1.6 Manfaat Penelitian
Setiap hasil dari penelitian diharapkan dapat bermanfaat bagi semua pihak membacanya maupun yang secara langsung terkait di dalamnya untuk itu manfaat dari penelitian ini mencakup beberapa hal :
1. Aspek Teoritis
Bagi bidang akademis, dengan adanya hasil penelitian ini diharapkan dapat menjadi bahan referensi bagi pihak-pihak yang akan melakukan penelitian selanjutnya. Bagi penulis semoga penelitian digunakan sebagai tembahan wawasan mengenai Belanja Modal, Dana Perimbangan , Pendapatan Asli Daerah dan Kinerja Keuangan.
2. Aspek Praktisi
Bagi para pengguna informasi hasil penelitian ini dapat digunakan sebagai tambahan informasi mengenai Belanja Modal, Dana Perimbangan, Pendapatan Asli Daerah dan Kinerja Keuangan di Kabupaten dan Kota yang ada di Provinsi Jawa Barat.
14
Bagi Kabupaten dan Kota di Jawa Barat dapat mengatasi masalah yang ada pada laporan keuangan masih masing daerah untuk memperbaiki Kinerja Keuangan .
1.7 Ruang Lingkup Penelitian 1.7.1 Variabel Penelitian
Dalam penelitian ini digunakan satu variabel dependen, variabel dependen dalam penelitian ini adalah Kinerja Keuangan. Tiga variabel independen, yaitu Belanja Modal, Dana Perimbangan dan Pendapatan Asli Daerah. Penelitian ini akan mengkaji pengaruh Kinerja Keuangan baik secara simultan maupun parsial.
1.7.2 Lokasi dan Objek Penelitian
Lokasi penelitian yang dipilih oleh peneliti adalah di website resmi dari Direktorat Jenderal Perimbangan Keuangan. Objek untuk penelitian ini adalah Kabupaten dan Kota se-Provinsi Jawa Barat. Data penelitian yang diperoleh peneliti adalah dari website resmi Direktorat Jendral Perimbangan Keuangan (www.djpk.depkeu.go.id) dan Laporan Keuangan Pemerintah Daerah Kabupaten/Kota di Provinsi Jawa Barat diperoleh dari website resmi Pemerintah Provinsi Jawa Barat (www1.jabarprov.go.id) tahun 2014 sampai dengan 2015. Serta Badan Pusat Statistik.

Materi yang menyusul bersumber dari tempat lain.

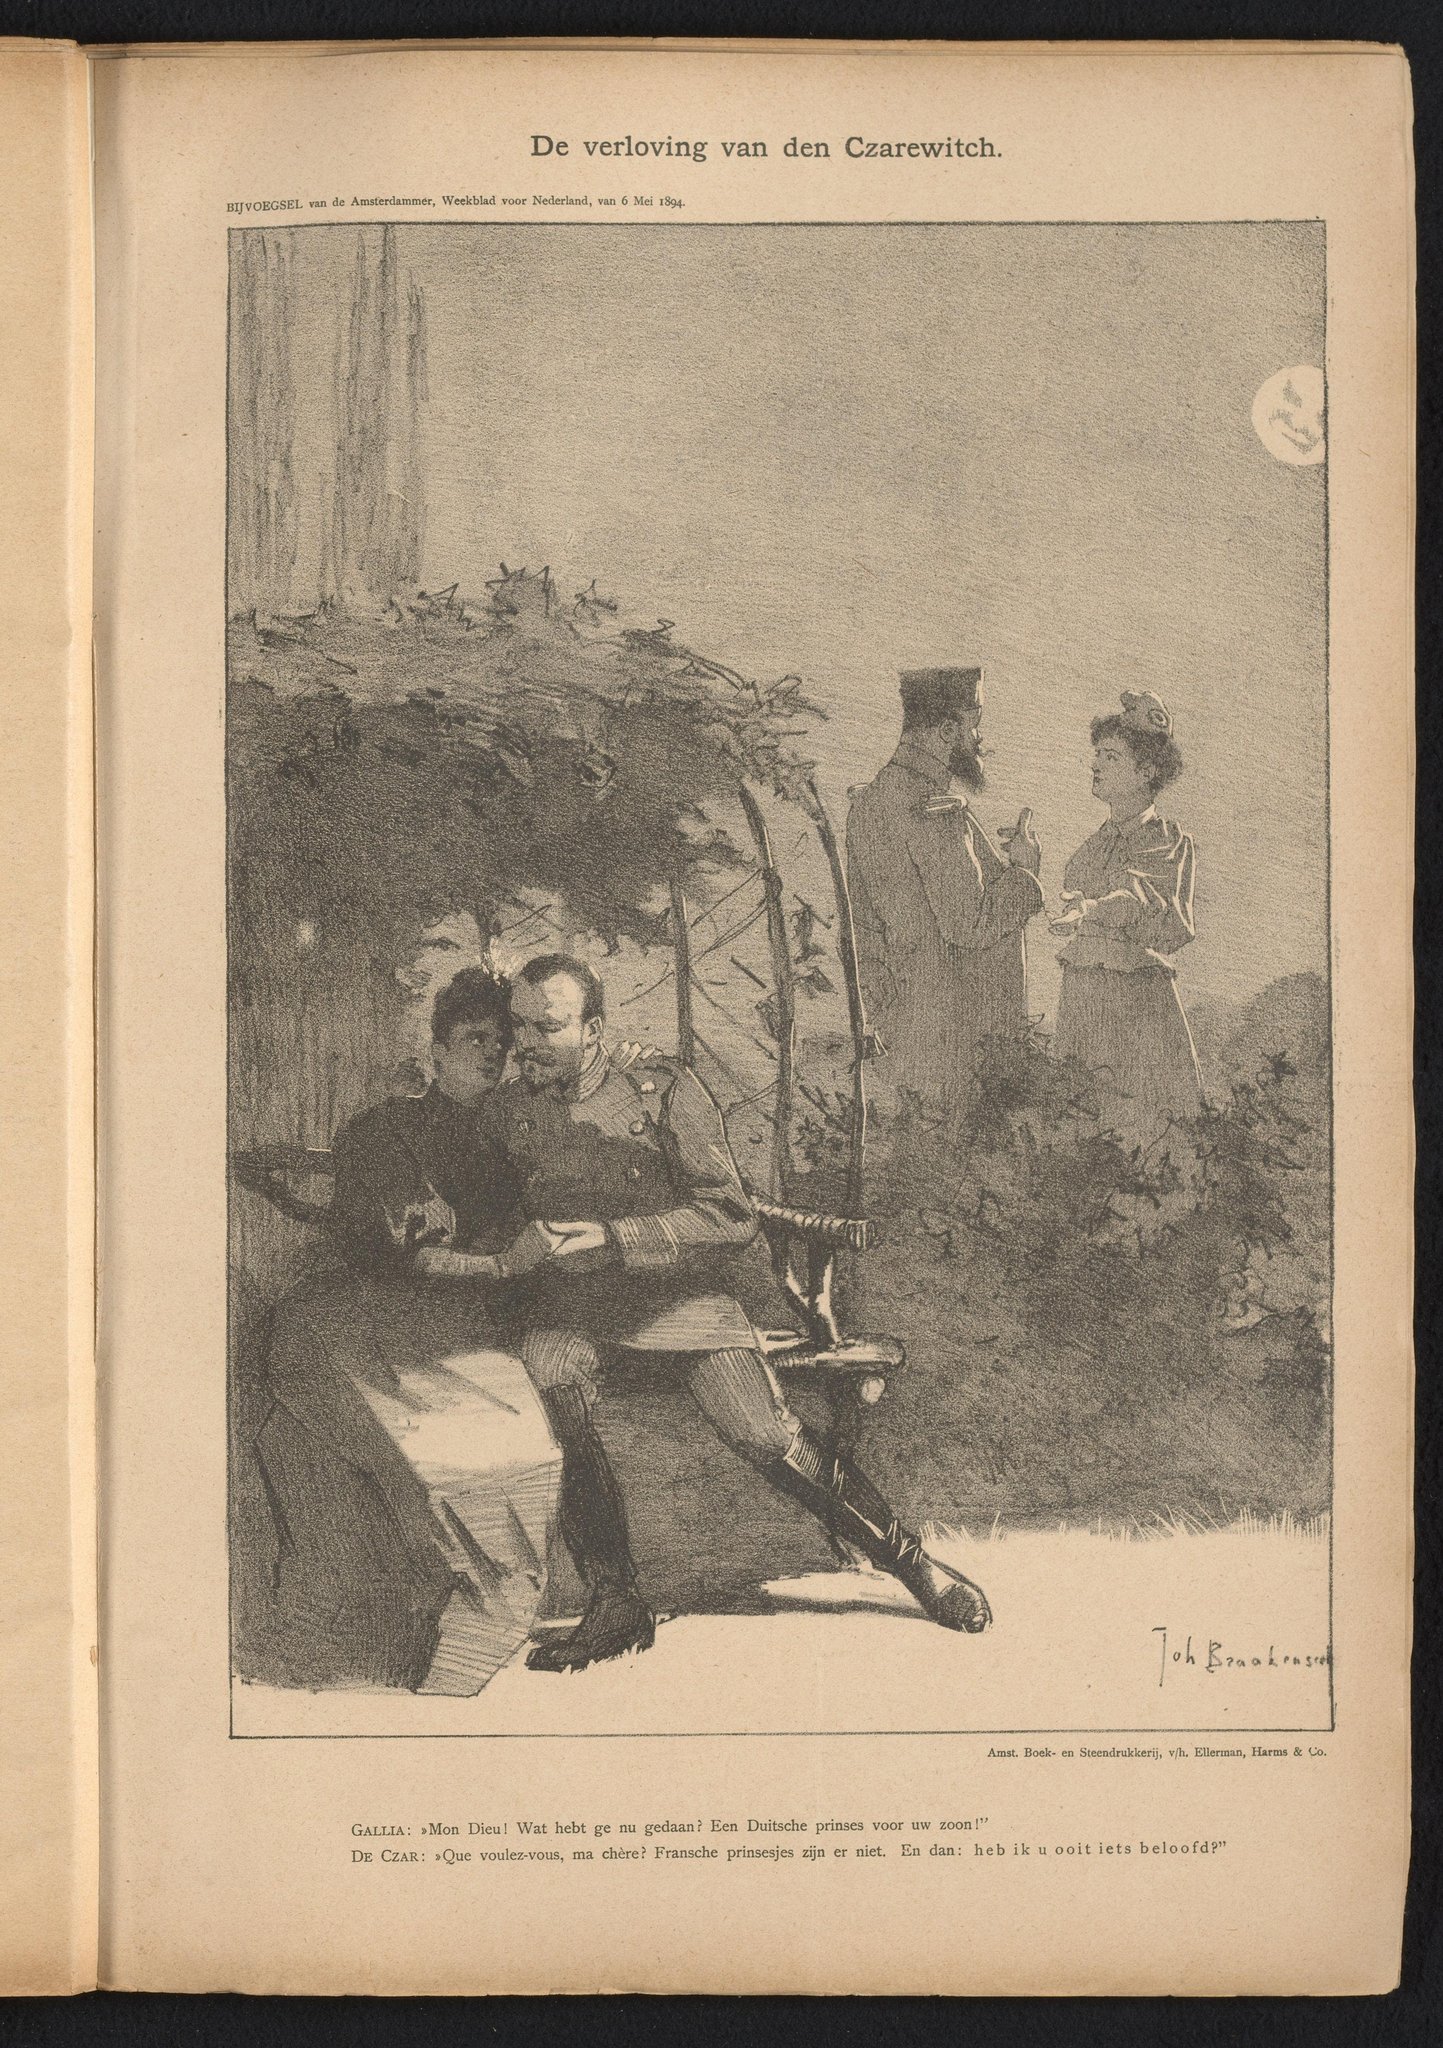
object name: cartoon
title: De verloving van den Czarewitch
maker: johan braakensiek
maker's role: draughtsman, print maker
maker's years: 1858-1940
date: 1894
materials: paper
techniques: lithograph
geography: amsterdam
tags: personifications of countries, nations, states, districts, etc., betrothal, political caricatures and satires
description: Marianne (Frankrijk) laat tsaar Alexander III weten dat hij een Duitse prinses, Alix van Hessen-Darmstadt, heeft gekozen als verloofde voor de tsarevitsj Nicolaas. Avondscène in de tuin.

1.8 Sistematika Penelitian
Untuk memberikan gambaran yang jelas mengenai penelitian ini, maka sistematika penulisan penelitian ini secara garis besar adalah sebagai berikut:
BAB I : PENDAHULUAN
Bab ini memberikan penjelasan mengenai gambaran umum objek penelitian, latar belakang penelitian yang mengangat fenomena menjadi isu penting sehingga layak untuk diteliti disertai dengan argumentasi teoritis yang ada, perumusan masalah yang didasarkan pada latar belakang penelitian, tujuan penelitian dan manfaat penelitian secara
15
teoritis dan praktis. Bab ini di akhiri dengan sistematika tugas akhir yang menjelaskan secara ringkas isi masing-masing bab.
BAB II : TINJAUAN PUSTAKA DAN LINGKUP PENELITIAN
Bab ini merupakan bagian yang berisi tentang teori-teori yang berkaitan dengan penelitian dan mendukung solusi permasalahan, serta kerangka pemikiran
dan hipotesis penelitian sebagai dugaan sementara atas masalah penelitian dan pedoman untuk pengujian data.

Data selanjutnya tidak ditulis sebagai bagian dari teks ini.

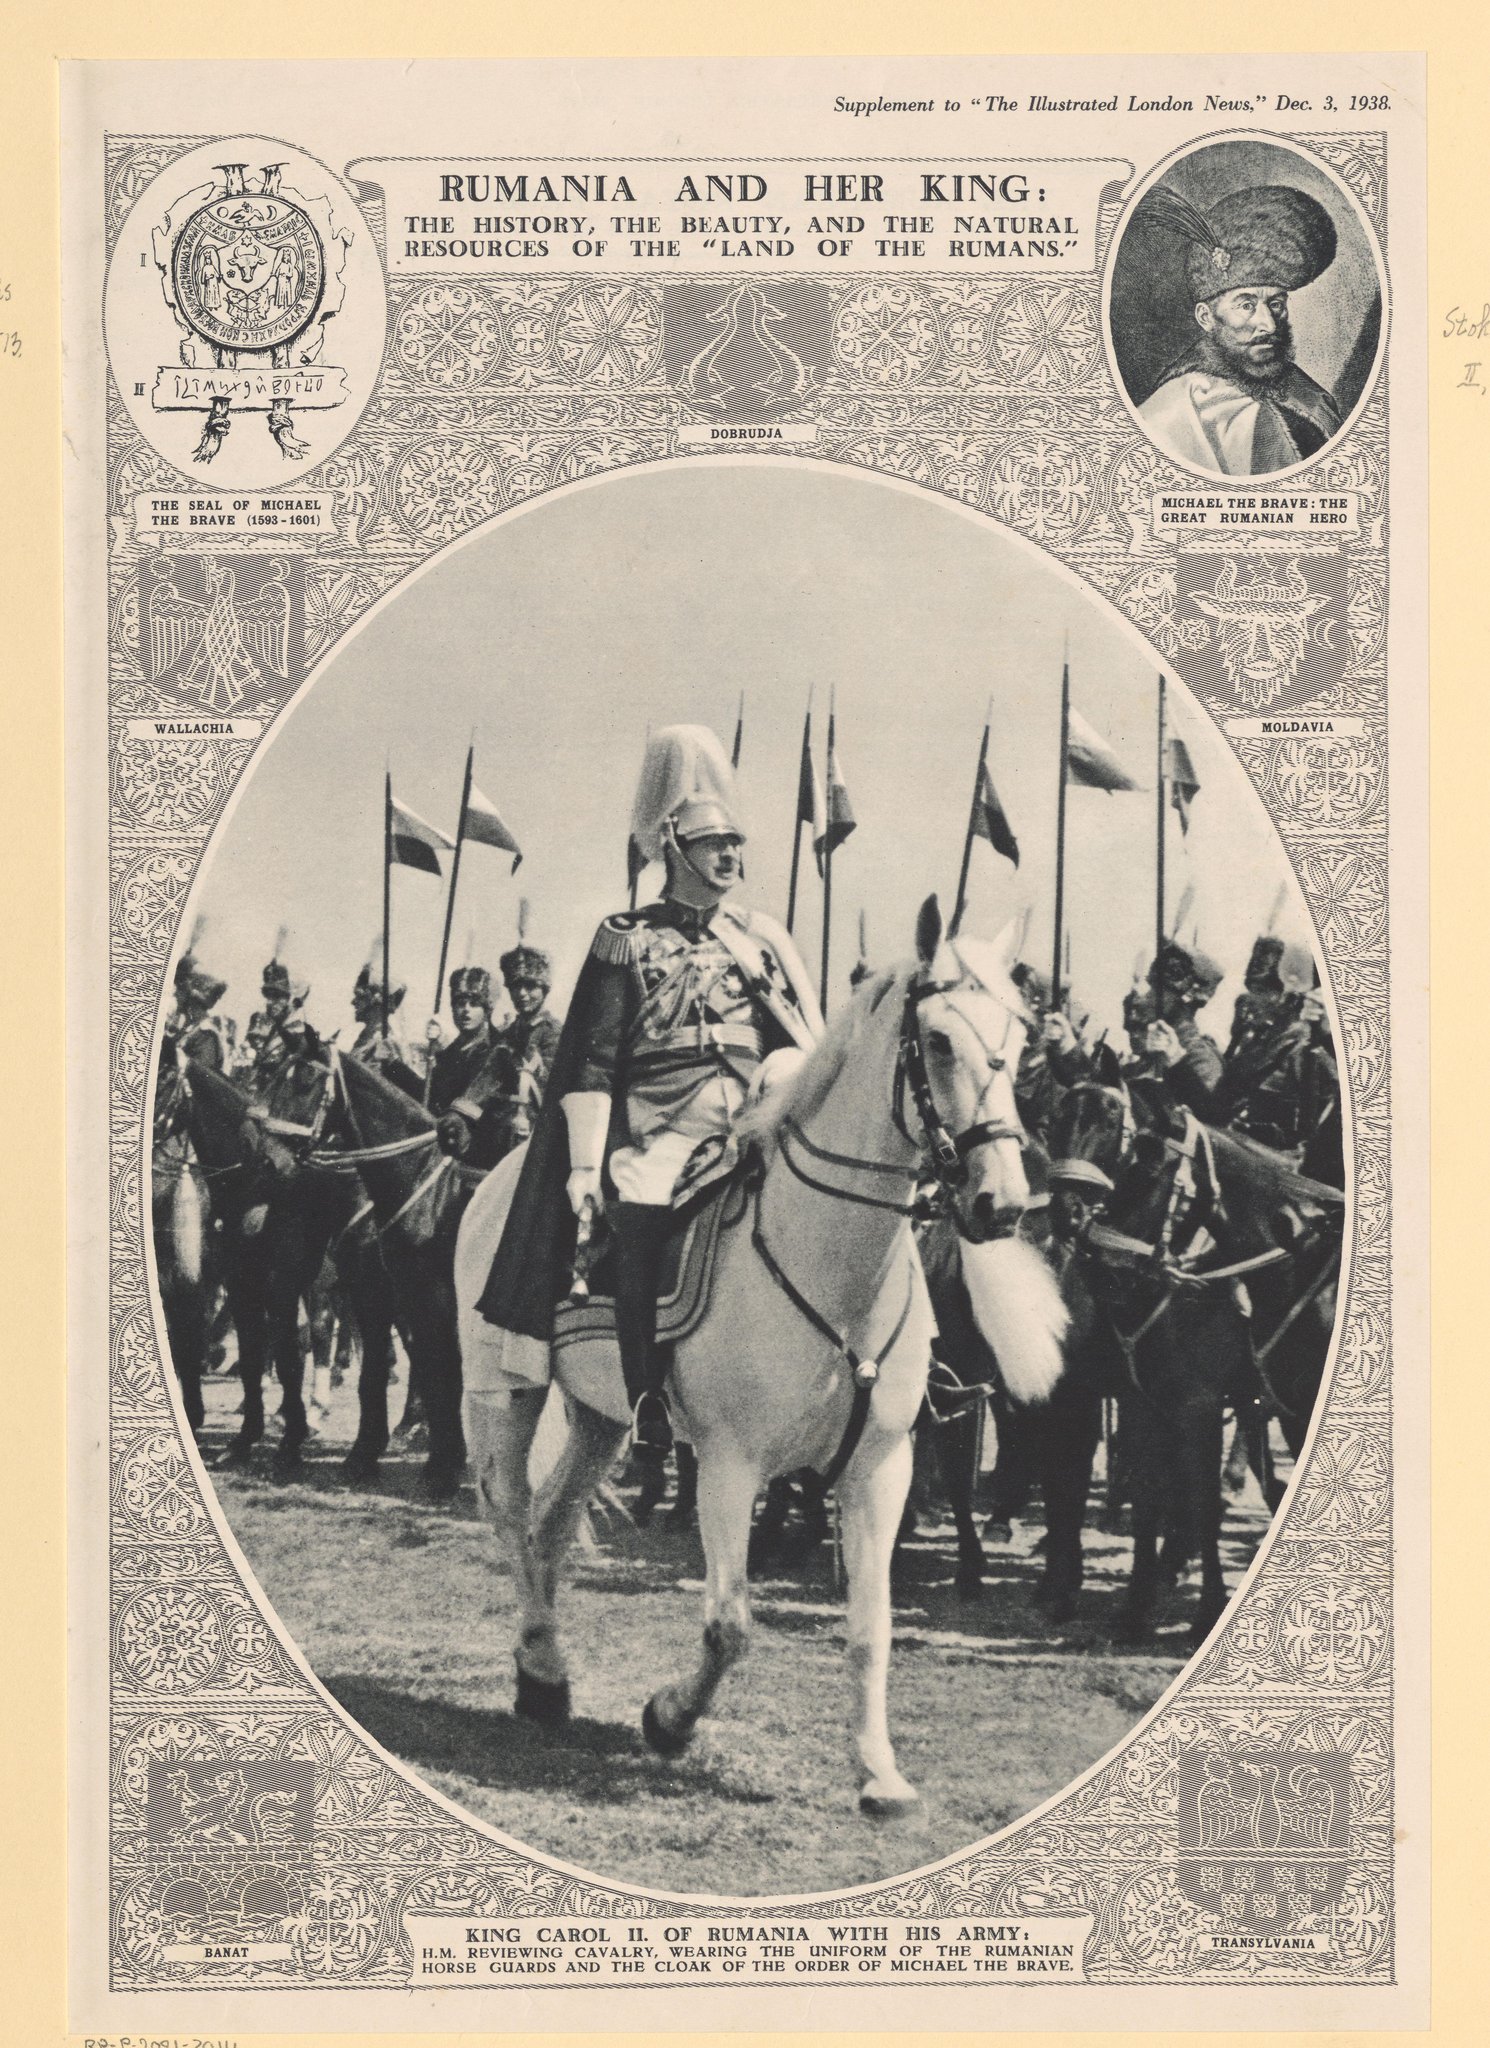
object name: photomechanical print
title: Portret van Carol I, koning van Roemenië
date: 1938
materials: paper
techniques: letterpress printing, rotogravure
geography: london
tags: historical persons, king
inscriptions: date
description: Prent als bijvoegsel van: The Illustrated London News, 3 december 1938.

BAB III : METODE PENELITIAN
Bab ini berisi uraian mengenai karakteristik penelitian, alat pengumpulan data, tahapan pelaksanaan penelitian, populasi dan sampel, pengumpulan data dan
sumber data, teknis analisis data serta pengujian hipotesis.
BAB IV: HASIL PENELITIAN DAN PEMBAHASAN
Bab ini berisi tentang hasil penelitian dan pembahasan dari hasil penelitian, mencakup analisis responden terhadap variabel penelitian, analisis statistik serta analisis pengaruh variabel.
BAB V : KESIMPULAN DAN SARAN
Bab ini merupakan bagian yang berisi kesimpulan dari hasil penelitian serta saran peneliti baik dari segi aspek teoritis maupun praktis.